Le métabolisme lipidique est lui aussi très largement concerné par les méthylations SAM- dépendantes. En effet, la phosphatidylcholine, qui est le phospholipide majeur des membranes biologiques, est synthétisé à partir de phophatidyléthanolamine par 3 réactions successives de méthylations (Vance et al, 1998).

D’autres réactions de méthylation sont spécifiquement présentes chez les plantes. Par exemple des réactions de méthylation sont nécessaires pour la formation de certains pigments photosynthétiques, comme les chlorophylles (Block et al, 2002), pour la synthèse de certains

constituants de la paroi comme les pectines (Goubet et al, 1998) et les lignines (Zhong et al, 1998). La biosynthèse des tocophérols (vitamine E) et des plastoquinones fait également intervenir des méthyltransférases SAM-dépendantes (Cheng et al, 2003).

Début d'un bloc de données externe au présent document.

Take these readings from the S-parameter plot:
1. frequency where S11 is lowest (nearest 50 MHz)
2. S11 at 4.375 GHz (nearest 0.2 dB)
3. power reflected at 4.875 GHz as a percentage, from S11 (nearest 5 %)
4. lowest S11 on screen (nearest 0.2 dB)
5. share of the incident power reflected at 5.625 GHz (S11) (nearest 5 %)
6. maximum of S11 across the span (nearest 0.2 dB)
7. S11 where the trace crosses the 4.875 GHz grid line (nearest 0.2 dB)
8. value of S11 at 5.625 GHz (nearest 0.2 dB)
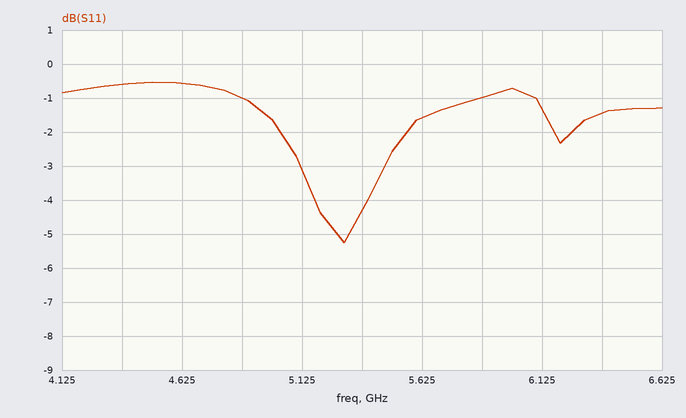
5.30 GHz
-0.6 dB
80 %
-5.2 dB
70 %
-0.6 dB
-1.0 dB
-1.6 dB
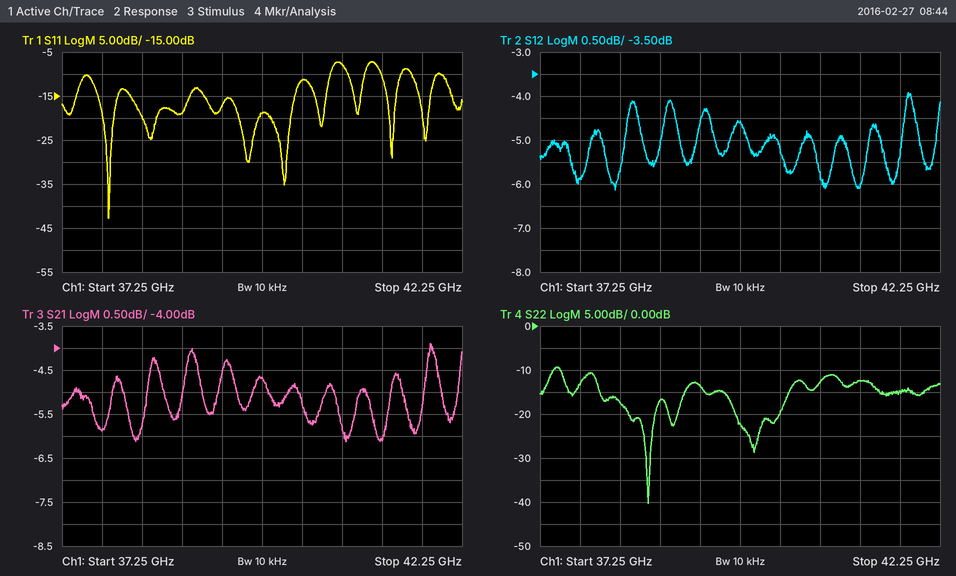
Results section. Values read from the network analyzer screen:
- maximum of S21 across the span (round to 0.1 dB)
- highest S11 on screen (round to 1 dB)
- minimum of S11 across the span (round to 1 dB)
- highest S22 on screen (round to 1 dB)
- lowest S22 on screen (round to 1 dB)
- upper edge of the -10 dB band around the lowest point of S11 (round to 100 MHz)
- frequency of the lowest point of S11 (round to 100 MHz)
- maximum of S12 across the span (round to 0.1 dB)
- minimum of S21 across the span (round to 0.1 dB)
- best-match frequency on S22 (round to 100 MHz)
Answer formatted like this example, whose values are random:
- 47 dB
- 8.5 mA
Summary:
- -3.9 dB
- -7 dB
- -43 dB
- -9 dB
- -40 dB
- 40.6 GHz
- 37.8 GHz
- -3.9 dB
- -6.1 dB
- 38.6 GHz
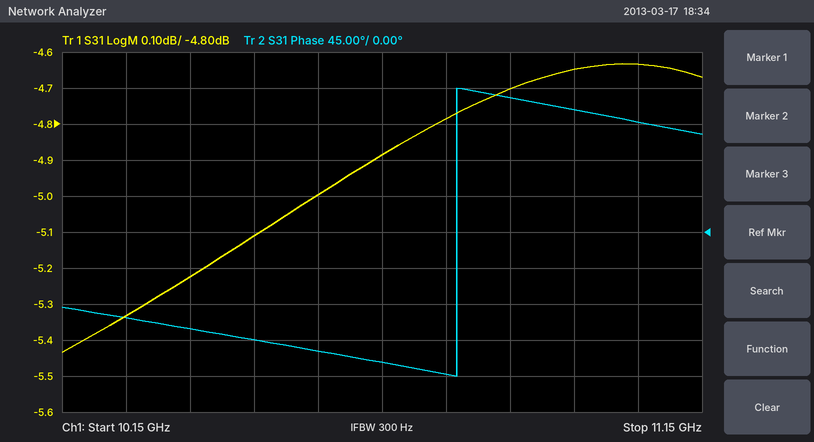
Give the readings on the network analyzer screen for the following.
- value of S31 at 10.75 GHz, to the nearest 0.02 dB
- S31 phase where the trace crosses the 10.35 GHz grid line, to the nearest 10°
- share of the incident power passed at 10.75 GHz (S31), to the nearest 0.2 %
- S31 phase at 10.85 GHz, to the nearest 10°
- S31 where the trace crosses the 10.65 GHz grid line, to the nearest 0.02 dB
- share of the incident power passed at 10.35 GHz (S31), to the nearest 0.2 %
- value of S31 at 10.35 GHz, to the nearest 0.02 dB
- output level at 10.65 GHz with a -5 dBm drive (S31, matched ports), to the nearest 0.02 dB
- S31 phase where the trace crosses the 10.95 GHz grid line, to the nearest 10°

-4.78 dB
-120°
33.2 %
170°
-4.88 dB
30.0 %
-5.22 dB
-9.88 dBm
150°
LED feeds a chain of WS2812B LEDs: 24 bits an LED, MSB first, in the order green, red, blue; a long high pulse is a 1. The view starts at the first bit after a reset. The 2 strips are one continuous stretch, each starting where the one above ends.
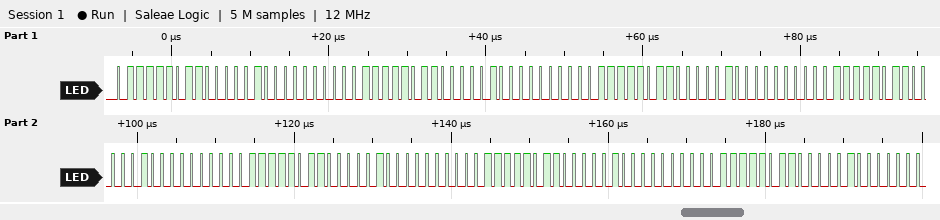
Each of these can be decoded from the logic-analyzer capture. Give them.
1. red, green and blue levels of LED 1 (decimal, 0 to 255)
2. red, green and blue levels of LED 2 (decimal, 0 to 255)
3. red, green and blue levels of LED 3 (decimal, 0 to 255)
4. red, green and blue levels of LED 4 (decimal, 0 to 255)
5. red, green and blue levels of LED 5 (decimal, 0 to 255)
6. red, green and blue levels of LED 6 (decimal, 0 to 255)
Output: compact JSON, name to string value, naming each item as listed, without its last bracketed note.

{"red, green and blue levels of LED 1": "130, 125, 0", "red, green and blue levels of LED 2": "130, 125, 0", "red, green and blue levels of LED 3": "130, 125, 0", "red, green and blue levels of LED 4": "130, 125, 0", "red, green and blue levels of LED 5": "130, 125, 0", "red, green and blue levels of LED 6": "130, 125, 0"}
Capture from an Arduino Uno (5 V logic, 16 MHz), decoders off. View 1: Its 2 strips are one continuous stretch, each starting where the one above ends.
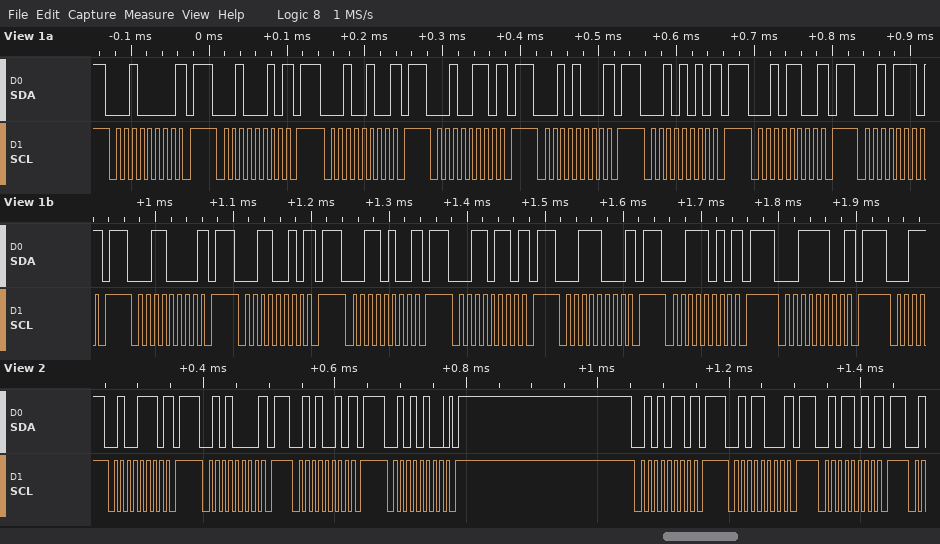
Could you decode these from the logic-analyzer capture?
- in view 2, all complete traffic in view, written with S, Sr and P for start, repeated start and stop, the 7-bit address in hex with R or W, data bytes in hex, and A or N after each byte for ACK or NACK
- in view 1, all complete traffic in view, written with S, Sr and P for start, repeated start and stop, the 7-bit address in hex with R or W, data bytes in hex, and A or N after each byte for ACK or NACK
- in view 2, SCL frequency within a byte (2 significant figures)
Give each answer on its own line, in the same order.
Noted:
S 27W N P S 28W N P S 29W N P S 2AW A P S 2BW N P S 2CW N P S 2DW N P
S 10W N P S 11W N P S 12W N P S 13W N P S 14W N P S 15W N P S 16W N P S 17W N P S 18W N P S 19W N P S 1AW N P S 1BW N P S 1CW N P S 1DW N P S 1EW N P
100 kHz
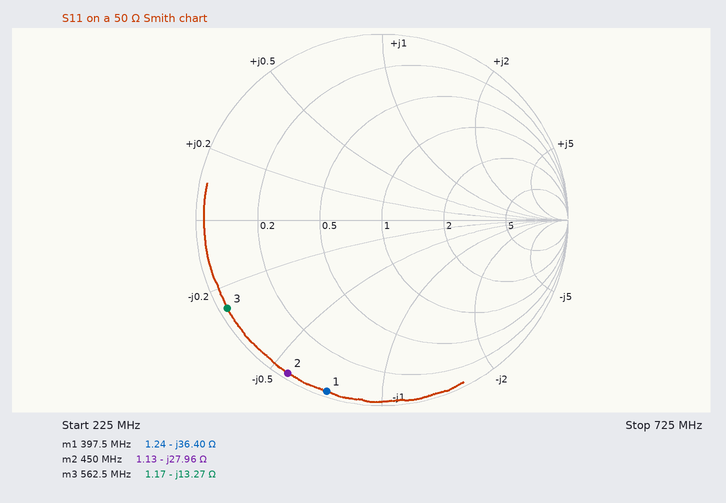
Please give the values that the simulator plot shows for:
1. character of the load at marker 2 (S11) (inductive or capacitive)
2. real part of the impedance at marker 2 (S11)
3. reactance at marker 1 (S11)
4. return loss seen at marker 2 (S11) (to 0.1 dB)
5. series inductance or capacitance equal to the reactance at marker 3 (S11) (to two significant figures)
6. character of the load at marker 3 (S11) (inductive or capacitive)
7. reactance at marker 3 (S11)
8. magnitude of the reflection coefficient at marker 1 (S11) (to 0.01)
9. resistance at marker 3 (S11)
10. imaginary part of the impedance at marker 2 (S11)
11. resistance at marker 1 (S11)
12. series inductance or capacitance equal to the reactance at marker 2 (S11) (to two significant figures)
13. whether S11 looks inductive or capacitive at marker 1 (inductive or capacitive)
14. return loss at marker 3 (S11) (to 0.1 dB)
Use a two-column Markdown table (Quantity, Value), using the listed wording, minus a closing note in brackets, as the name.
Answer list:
| Quantity | Value |
|---|---|
| character of the load at marker 2 (S11) | capacitive |
| real part of the impedance at marker 2 | 1.13 Ω |
| reactance at marker 1 | -36.40 Ω |
| return loss seen at marker 2 (S11) | 0.3 dB |
| series inductance or capacitance equal to the reactance at marker 3 (S11) | 21 pF |
| character of the load at marker 3 (S11) | capacitive |
| reactance at marker 3 | -13.27 Ω |
| magnitude of the reflection coefficient at marker 1 (S11) | 0.97 |
| resistance at marker 3 | 1.17 Ω |
| imaginary part of the impedance at marker 2 | -27.96 Ω |
| resistance at marker 1 | 1.24 Ω |
| series inductance or capacitance equal to the reactance at marker 2 (S11) | 13 pF |
| whether S11 looks inductive or capacitive at marker 1 | capacitive |
| return loss at marker 3 (S11) | 0.4 dB |

Dans la plupart des situations physiologiques, le 5-CH3-THF est le dérivé de THF le plus

abondant au sein de la cellule, ce qui suggère que la demande en unités CH3 est très importante et

que les réactions de méthylations représentent le flux principal d’unités C1. A titre d’exemple, des expériences d’incorporation de méthionine radioactive chez Lemna montrent que seulement 19 % de la méthionine marquée se retrouve dans les protéines (Mudd et Datko, 1986). En revanche 75 % de la méthionine marquée est utilisée dans les réactions de transméthylation. Les méthylations lors de la synthèse des dérivés de l’éthanolamine, choline, phosphocholine et phosphatidylcholine, représentent 46 % de ces réactions, les méthylations des pectines 18 %, les méthylations de la chlorophylle 8 %, les méthylations des acides nucléiques 2 à 5 % et les réactions de méthylation des acides aminés 2 %.

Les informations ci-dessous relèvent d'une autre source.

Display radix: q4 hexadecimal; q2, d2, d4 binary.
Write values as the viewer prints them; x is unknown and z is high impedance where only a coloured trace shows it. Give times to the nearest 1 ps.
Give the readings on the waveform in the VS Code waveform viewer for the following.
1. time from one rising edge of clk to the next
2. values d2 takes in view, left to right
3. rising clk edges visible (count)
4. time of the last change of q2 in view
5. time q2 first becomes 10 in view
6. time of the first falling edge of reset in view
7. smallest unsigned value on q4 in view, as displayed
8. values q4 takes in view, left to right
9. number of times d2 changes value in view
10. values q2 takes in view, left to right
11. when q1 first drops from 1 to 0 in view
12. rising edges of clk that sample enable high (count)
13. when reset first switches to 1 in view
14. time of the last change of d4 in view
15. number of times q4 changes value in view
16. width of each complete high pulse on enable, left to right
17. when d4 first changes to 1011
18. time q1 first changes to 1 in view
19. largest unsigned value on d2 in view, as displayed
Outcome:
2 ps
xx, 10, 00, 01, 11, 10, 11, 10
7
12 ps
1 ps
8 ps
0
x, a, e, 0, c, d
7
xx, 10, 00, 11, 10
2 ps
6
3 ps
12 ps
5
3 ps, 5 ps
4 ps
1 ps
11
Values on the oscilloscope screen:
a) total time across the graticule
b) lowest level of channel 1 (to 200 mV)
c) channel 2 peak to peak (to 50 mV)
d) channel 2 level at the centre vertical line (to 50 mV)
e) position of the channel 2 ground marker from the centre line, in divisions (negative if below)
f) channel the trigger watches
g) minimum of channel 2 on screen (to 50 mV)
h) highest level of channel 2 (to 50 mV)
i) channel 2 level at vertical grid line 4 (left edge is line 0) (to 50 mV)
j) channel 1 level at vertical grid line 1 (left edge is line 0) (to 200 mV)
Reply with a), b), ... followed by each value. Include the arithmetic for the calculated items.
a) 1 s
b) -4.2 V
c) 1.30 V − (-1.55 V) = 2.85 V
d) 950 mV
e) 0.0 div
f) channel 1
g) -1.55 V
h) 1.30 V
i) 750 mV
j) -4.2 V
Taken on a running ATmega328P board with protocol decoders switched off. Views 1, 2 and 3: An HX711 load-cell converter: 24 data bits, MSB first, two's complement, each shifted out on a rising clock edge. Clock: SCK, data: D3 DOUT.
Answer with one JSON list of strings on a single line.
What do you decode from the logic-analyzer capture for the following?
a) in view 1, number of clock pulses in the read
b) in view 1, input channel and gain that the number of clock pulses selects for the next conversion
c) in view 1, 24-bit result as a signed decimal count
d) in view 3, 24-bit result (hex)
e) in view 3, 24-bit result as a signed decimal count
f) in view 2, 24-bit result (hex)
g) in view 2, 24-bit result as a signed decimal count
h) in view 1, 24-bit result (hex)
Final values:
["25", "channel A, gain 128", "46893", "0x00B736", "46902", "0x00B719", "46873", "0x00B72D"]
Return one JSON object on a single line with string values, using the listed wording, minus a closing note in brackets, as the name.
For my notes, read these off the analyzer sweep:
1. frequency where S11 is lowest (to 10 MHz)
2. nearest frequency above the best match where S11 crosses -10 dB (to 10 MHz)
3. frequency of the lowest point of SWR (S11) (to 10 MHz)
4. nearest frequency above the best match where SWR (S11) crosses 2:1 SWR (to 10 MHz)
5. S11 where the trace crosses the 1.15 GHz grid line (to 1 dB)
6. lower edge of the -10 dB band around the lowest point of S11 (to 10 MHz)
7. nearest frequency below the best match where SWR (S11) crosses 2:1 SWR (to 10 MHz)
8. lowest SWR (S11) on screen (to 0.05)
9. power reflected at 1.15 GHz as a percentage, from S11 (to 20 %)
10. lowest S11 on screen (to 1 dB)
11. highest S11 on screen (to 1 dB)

Le nombre et la diversité des réactions de méthylations SAM-dépendantes au sein de la cellule expliquent que le génome d’Arabidopsis présente plus de 100 gènes codants pour des méthyltransférases.

c- La S-adénosylhomocystéine hydrolase.

La SAH produite au cours des réactions de méthylation est un inhibiteur compétitif des méthyltransférases SAM-dépendantes et doit donc être éliminée rapidement. Cette élimination est assurée par la S-adénosylhomocystéine hydrolase (SAHH) (Figure 17, étape 6) qui catalyse l’hydrolyse de la SAH en Hcy et adénosine. In vivo et dans des conditions physiologiques, l’équilibre thermodynamique de la réaction catalysée par la SAHH va majoritairement dans le sens de la synthèse d’Hcy (Pereira et al, 2007). Chez Arabidopsis, deux gènes codent pour des SAHH qui ne possèdent pas de séquence d’adressage identifiable et sont donc vraisemblablement localisées dans le cytosol.

d- Les méthionine synthases cytosoliques.

La MS intervient pour clore le cycle des méthyles en assurant une synthèse de méthionine à partir de l'Hcy régénérée dans le cytosol (Figure 17, étape 3). L'enzyme qui intervient dans le cycle des méthyles est différente de celle qui participe à la synthèse de novo de la méthionine puisqu'elle est située dans le cytosol. La MS cytosolique, dont il existe deux isoformes chez

Arabidopsis, possède une activité cobalamine-indépendante qui fonctionne exclusivement avec

les formes polyglutamates du 5-CH3-THF (Ravanel et al, 2004).